··· DATASET EXCERPTS

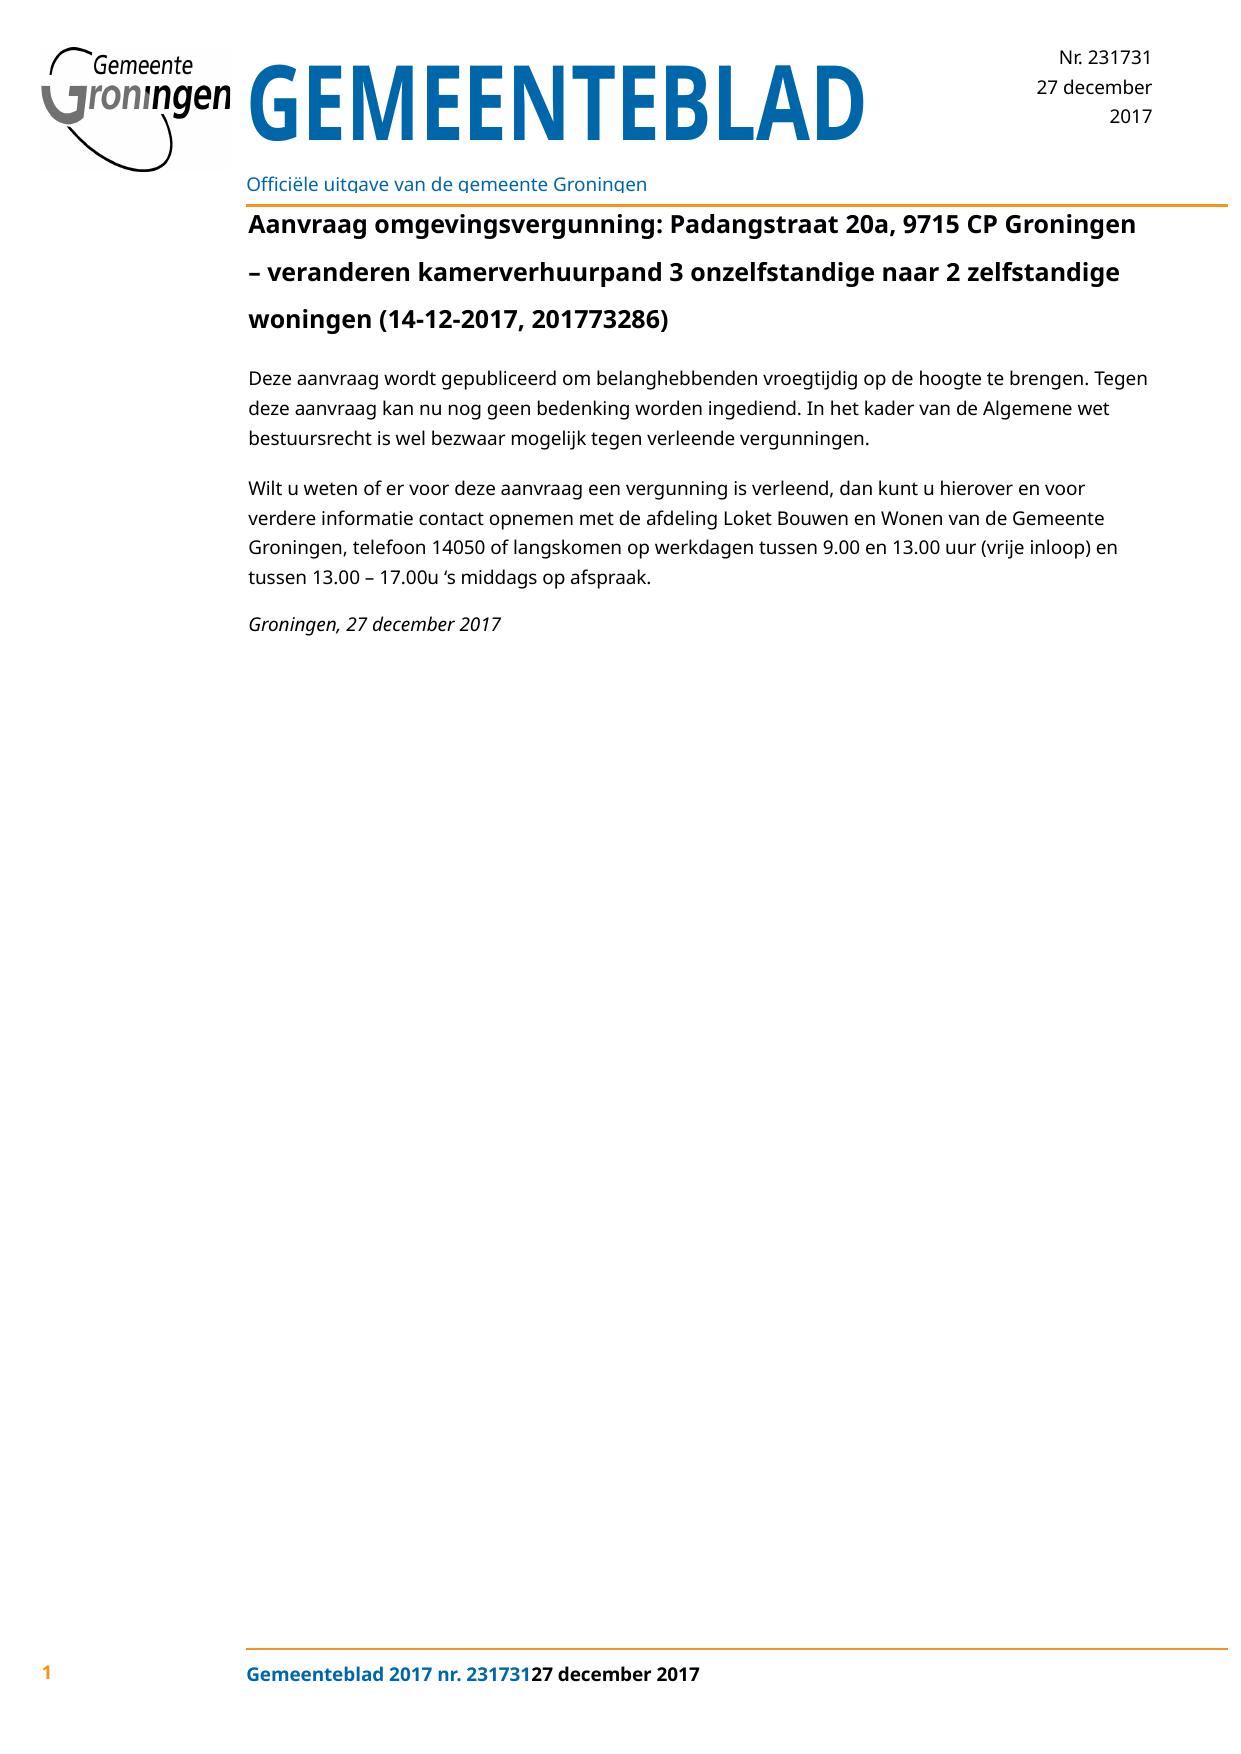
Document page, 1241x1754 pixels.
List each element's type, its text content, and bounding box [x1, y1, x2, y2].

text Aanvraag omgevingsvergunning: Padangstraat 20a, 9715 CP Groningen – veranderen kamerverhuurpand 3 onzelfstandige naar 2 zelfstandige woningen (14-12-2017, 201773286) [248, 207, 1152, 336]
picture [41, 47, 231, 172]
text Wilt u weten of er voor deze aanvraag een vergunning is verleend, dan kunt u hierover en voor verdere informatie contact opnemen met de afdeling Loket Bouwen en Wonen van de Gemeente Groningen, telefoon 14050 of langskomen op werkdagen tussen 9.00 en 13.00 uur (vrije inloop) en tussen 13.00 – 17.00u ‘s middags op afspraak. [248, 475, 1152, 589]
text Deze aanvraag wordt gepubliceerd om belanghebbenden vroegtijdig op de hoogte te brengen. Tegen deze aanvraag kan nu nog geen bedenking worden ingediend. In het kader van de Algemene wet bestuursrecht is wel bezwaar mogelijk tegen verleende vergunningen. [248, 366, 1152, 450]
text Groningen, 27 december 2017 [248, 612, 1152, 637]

······

EXERCISE DESCRIPTION:
Please output the entire listing above verbatim and omit its images.

THE COMPLETED TASK:
Document page, 1241x1754 pixels.
List each element's type, its text content, and bounding box [x1, y1, x2, y2].

text Aanvraag omgevingsvergunning: Padangstraat 20a, 9715 CP Groningen – veranderen kamerverhuurpand 3 onzelfstandige naar 2 zelfstandige woningen (14-12-2017, 201773286) [248, 207, 1152, 336]
picture [41, 47, 231, 172]
text Wilt u weten of er voor deze aanvraag een vergunning is verleend, dan kunt u hierover en voor verdere informatie contact opnemen met de afdeling Loket Bouwen en Wonen van de Gemeente Groningen, telefoon 14050 of langskomen op werkdagen tussen 9.00 en 13.00 uur (vrije inloop) en tussen 13.00 – 17.00u ‘s middags op afspraak. [248, 475, 1152, 589]
text Deze aanvraag wordt gepubliceerd om belanghebbenden vroegtijdig op de hoogte te brengen. Tegen deze aanvraag kan nu nog geen bedenking worden ingediend. In het kader van de Algemene wet bestuursrecht is wel bezwaar mogelijk tegen verleende vergunningen. [248, 366, 1152, 450]
text Groningen, 27 december 2017 [248, 612, 1152, 637]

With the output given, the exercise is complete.